Important features on the MSI X570 Ace include an Intel AX200 802.11ax Wi-Fi 6 wireless interface, as well as a Realtek RTL8125 2.5 Gigabit NIC, and has support for up to three PCIe 4.0 x4 M.2 drives. Each M.2 slot comes supplied with its own individual heatsink and fits in with the design of the actively Zero Frozr cooled X570 chipset heatsink. MSI is advertising a 14-phase power delivery, but we know it's running an International Rectifier IR35201 PWM controller running in a 6+2 configuration with doublers. This means the CPU Vcore element is running a doubled phase design, and the VGT/SoC is running a 2-phase setup. This, in theory, should be more than capable of overclocking 16-core AMD Ryzen 3950X which is due later on this year. The design of the heatsinks means that both power delivery heatsinks are connected to the X570 chipset heatsink via a single heatpipe which runs around the memory slots and is designed to be more efficient at dissipating heat from the warm running chipset and VRMs. Other cooling options include seven 4-pin PWM fan headers which are dotted around the board's edge.

The advancements in AMD's Zen 2 architecture on the 7 nm manufacturing process stretches out to memory performance too as the MSI MEG X570 Ace supports DDR4-4633. Also supported in MSI's X570 product stack are the new 32 GB UDIMMsm which means the X570 Ace can run up to 128 GB of DDR4 memory. For graphics cards, the MSI MEG X570 Ace has two full-length PCIe 4.0 slots from the CPU, which operate in x16 and x8/x8 modes, and another full-length PCIe 4.0 x4 slot from the chipset. This also includes two PCIe 4.0 x1 slots which give users the option to add devices such as dedicated sound cards, and RAID controllers.

The storage capability of the X570 Ace is also impressive, with support for one PCIe 4.0 x4 M.2 drive from the CPU and two from the chipset. There is also four SATA ports with support for RAID 0, 1, and 10 arrays. Onboard audio is handled by a Realtek ALC1220 HD audio codec, while networking is provided by the Intel AX 802.11ax Wi-Fi 6 wireless CNVi interface and Realtek RT8125-AG 2.5 G / Intel I211-AT Gigabit NICs. MSI also includes three USB 3.1 G2 Type-A, a single USB 3.1 G2 Type-C, two USB 3.1 G1 Type-A, and two USB 2.0 ports on the rear panel. The MSI MEG X570 Ace also features a clear CMOS button, a BIOS Flashback button on the rear panel. 

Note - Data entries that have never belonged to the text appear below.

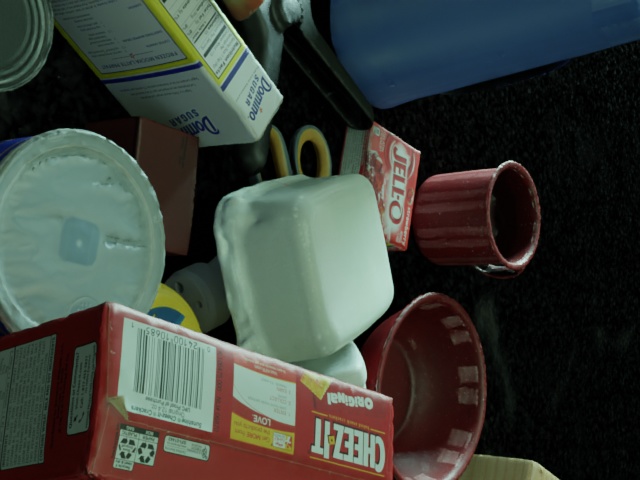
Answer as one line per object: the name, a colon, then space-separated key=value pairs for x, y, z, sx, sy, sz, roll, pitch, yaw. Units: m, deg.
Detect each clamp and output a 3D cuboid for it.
clamp: x=-0.026 y=-0.157 z=0.769 sx=0.164 sy=0.036 sz=0.210 roll=-17 pitch=96 yaw=-55

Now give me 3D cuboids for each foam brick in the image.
foam brick: x=-0.112 y=-0.031 z=0.651 sx=0.052 sy=0.051 sz=0.078 roll=16 pitch=76 yaw=-50

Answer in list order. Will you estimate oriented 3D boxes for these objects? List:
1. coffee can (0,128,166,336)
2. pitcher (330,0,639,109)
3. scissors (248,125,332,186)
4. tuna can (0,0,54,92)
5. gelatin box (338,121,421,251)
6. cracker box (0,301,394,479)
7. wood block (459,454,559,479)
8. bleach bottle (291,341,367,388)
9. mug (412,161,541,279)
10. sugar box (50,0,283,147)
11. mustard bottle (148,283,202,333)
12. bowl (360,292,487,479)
coffee can: x=-0.160 y=0.004 z=0.519 sx=0.102 sy=0.141 sz=0.103 roll=4 pitch=85 yaw=-51
pitcher: x=0.142 y=-0.182 z=0.821 sx=0.149 sy=0.243 sz=0.145 roll=-35 pitch=113 yaw=-53
scissors: x=-0.005 y=0.001 z=0.808 sx=0.096 sy=0.016 sz=0.202 roll=-40 pitch=118 yaw=-44
tuna can: x=-0.189 y=-0.121 z=0.576 sx=0.085 sy=0.034 sz=0.086 roll=4 pitch=85 yaw=-51
gelatin box: x=0.047 y=-0.043 z=0.863 sx=0.073 sy=0.030 sz=0.089 roll=27 pitch=68 yaw=-48
cracker box: x=-0.098 y=0.101 z=0.486 sx=0.164 sy=0.214 sz=0.072 roll=24 pitch=58 yaw=-42
wood block: x=0.144 y=0.298 z=0.917 sx=0.090 sy=0.090 sz=0.206 roll=40 pitch=58 yaw=-43
bleach bottle: x=0.018 y=0.199 z=0.766 sx=0.102 sy=0.068 sz=0.251 roll=-116 pitch=-166 yaw=-77
mug: x=0.140 y=-0.011 z=0.935 sx=0.117 sy=0.082 sz=0.093 roll=55 pitch=49 yaw=-33
sugar box: x=-0.106 y=-0.130 z=0.631 sx=0.176 sy=0.094 sz=0.048 roll=50 pitch=54 yaw=-37
mustard bottle: x=-0.109 y=0.078 z=0.641 sx=0.096 sy=0.058 sz=0.191 roll=-47 pitch=124 yaw=-18
bowl: x=0.072 y=0.123 z=0.865 sx=0.161 sy=0.055 sz=0.162 roll=4 pitch=85 yaw=-51

MSI MEG X570 Ace Block Diagram

Looking at the performance of the MSI MEG X570 Ace, power consumption is up overall when compared to previous B450 and X470 models we have tested. This is because the X570 chipset has a TDP of 11 W against the previous generations of chipset, which varies from 4 to 6 W. Performance in our updated testbed was favorable to the X570 Ace when paired with our Ryzen 7 3700X processor, and was marginally better when compared with B450 and X470 models we tested. The results will become more extensive as more X570 models make it onto our testbed, but the X570 does perform well, even if it's marginal. Performance in our game testing for the majority was to the benefit of the newer X570 model. 

One of the most talked-about aspects of the new Ryzen 3000 processors has been its ability, or lack of ability, to push high overclocks due to a number of variables. These include limitations on the electrical design current (EDC) and the high idle temperatures. Infantile firmware is also currently something that should mature in a progressive manner over the next couple of months, and until AMD work out some of the kinks in Precision Boost Overdrive, users gain most from manually overclocking through the BIOS, or with AMD's Ryzen Master overclocking utility.

In our overclocking performance testing, we managed a solid 4.3 GHz all-core on our Ryzen 7 3700X testbed CPU with a maximum stable voltage of 1.375 V. This is considered good compared to some silicon, but upon trying to push to 4.4 GHz, we hit a brick wall in terms of progression. Performance increased gradually in our POV-Ray benchmark as we increased the CPU core frequency and when we enabled Precision Boost Overdrive, it didn't have a any impact on the performance, but raised the power consumption.

It's clear that the MSI MEG X570 Ace is intended for users looking to create a high-end gaming system with enthusiast-level features. It is designed to squeeze performance out of the new Ryzen 3000 series CPUs. Compared to a number of extreme models, it still has a high price tag of $369, which slots it into the high-end X570 motherboard segment. But it comes with a number of favorable features for those that want to load a system up with the latest hardware.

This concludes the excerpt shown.